After downgrading most of the eurozone on Friday, Standard & Poor's said that the continued triple-A rating for the European Financial Stability Facility, the region's rescue mechanism, depended on more participation from Germany and other nations that retained their top credit rating.
Reuters reported that once two of its guarantors, France and Austria, lost their own triple-A ratings, the EFSF's status was jeopardized. Should the EFSF be downgraded as well, that would mean higher borrowing costs for the mechanism, which would in turn reduce its effectiveness to troubled member nations.

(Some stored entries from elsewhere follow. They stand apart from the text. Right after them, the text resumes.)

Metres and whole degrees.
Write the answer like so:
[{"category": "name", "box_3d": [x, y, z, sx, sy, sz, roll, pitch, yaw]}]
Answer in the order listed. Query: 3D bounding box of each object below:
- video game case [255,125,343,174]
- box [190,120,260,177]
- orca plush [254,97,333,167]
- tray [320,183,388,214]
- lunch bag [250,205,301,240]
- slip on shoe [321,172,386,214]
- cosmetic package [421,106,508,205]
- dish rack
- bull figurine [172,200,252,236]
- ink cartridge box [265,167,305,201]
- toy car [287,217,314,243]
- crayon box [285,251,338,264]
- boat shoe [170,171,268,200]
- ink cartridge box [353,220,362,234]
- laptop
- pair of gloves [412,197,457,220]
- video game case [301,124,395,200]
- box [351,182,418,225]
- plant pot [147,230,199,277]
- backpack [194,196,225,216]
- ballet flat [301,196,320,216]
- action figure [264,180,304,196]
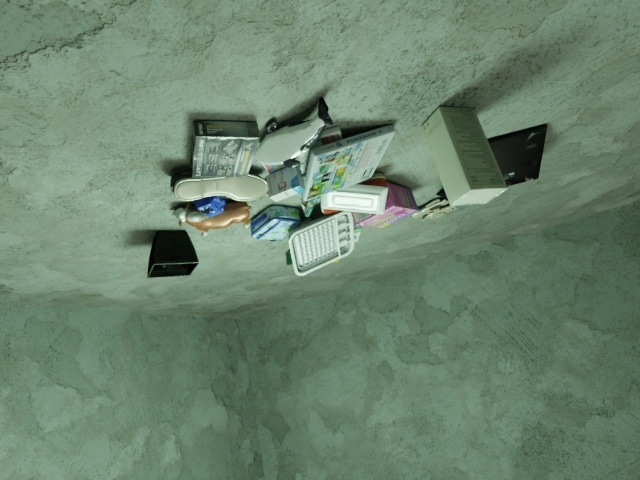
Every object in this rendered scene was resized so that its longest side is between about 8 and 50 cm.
[{"category": "video game case", "box_3d": [-0.056, -0.291, 1.398, 0.284, 0.025, 0.204, -15, 162, 7]}, {"category": "box", "box_3d": [-0.297, -0.273, 1.241, 0.182, 0.056, 0.231, -6, 161, -22]}, {"category": "orca plush", "box_3d": [-0.077, -0.328, 1.235, 0.151, 0.102, 0.287, 41, 127, -11]}, {"category": "tray", "box_3d": [0.134, -0.166, 1.668, 0.270, 0.030, 0.145, 6, 137, 5]}, {"category": "lunch bag", "box_3d": [-0.210, -0.075, 1.842, 0.176, 0.090, 0.219, 8, 152, -41]}, {"category": "slip on shoe", "box_3d": [0.139, -0.178, 1.746, 0.331, 0.102, 0.123, -23, 161, 31]}, {"category": "cosmetic package", "box_3d": [0.466, -0.277, 1.332, 0.160, 0.310, 0.113, -4, 160, -23]}, {"category": "dish rack", "box_3d": [0.000, 0.000, 1.922, 0.332, 0.072, 0.286, -24, 136, -17]}, {"category": "bull figurine", "box_3d": [-0.426, -0.090, 1.634, 0.309, 0.101, 0.188, -7, 167, -5]}, {"category": "ink cartridge box", "box_3d": [-0.125, -0.201, 1.434, 0.122, 0.089, 0.052, -19, 161, 20]}, {"category": "toy car", "box_3d": [-0.078, -0.023, 2.001, 0.181, 0.137, 0.159, -16, 161, 10]}, {"category": "crayon box", "box_3d": [-0.040, 0.092, 2.319, 0.202, 0.083, 0.322, -2, 175, -29]}, {"category": "boat shoe", "box_3d": [-0.346, -0.201, 1.404, 0.334, 0.095, 0.112, -6, 125, -31]}, {"category": "ink cartridge box", "box_3d": [0.124, -0.051, 2.126, 0.154, 0.093, 0.212, -11, 164, -5]}, {"category": "laptop", "box_3d": [0.729, -0.336, 1.804, 0.381, 0.237, 0.408, -14, 133, 4]}, {"category": "pair of gloves", "box_3d": [0.613, -0.167, 2.191, 0.204, 0.042, 0.240, -28, 159, 29]}, {"category": "video game case", "box_3d": [0.087, -0.268, 1.454, 0.299, 0.036, 0.329, -21, 165, -16]}, {"category": "box", "box_3d": [0.288, -0.153, 1.854, 0.213, 0.118, 0.242, -26, 164, 35]}, {"category": "plant pot", "box_3d": [-0.662, 0.056, 1.798, 0.187, 0.167, 0.187, -2, 159, -32]}, {"category": "backpack", "box_3d": [-0.402, -0.142, 1.495, 0.101, 0.098, 0.120, -18, 161, 3]}, {"category": "ballet flat", "box_3d": [-0.049, -0.165, 1.735, 0.070, 0.070, 0.188, -5, 157, -21]}, {"category": "action figure", "box_3d": [-0.183, -0.190, 1.554, 0.232, 0.064, 0.137, -12, 176, 12]}]
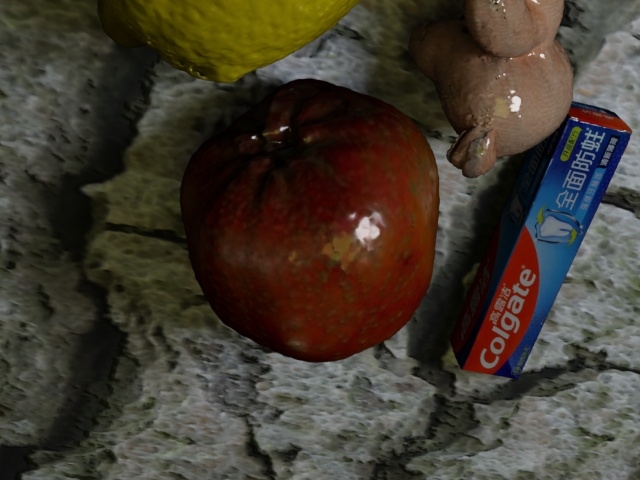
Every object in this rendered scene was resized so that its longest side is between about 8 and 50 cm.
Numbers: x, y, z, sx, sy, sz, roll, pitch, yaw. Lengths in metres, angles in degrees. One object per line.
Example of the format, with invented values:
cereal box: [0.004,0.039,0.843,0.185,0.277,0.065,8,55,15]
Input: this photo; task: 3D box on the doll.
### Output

John Chambers, the chairman of S&P's sovereign rating committee, said in the report, "If you have a greater commitment from the other countries, then the EFSF could retain its triple-A rating." He added, "If you've lost two of the six triple-A guarantors, either they need to increase the backing from the four remaining triple-A guarantors or they need to raise some cash buffers."
Chambers also said that recent steps taken by the European Central Bank to boost liquidity to banks in the region had promoted a substantial monetary easing in the euro zone, which was "good news" for the ratings. He added that some of the banks might have used the funds, loaned at a low interest rate, to invest in government bonds.
On the other hand, Fitch Ratings was less confident of the success of existing ECB measures, saying that the euro zone debt crisis will not be solved without more active engagement of the ECB.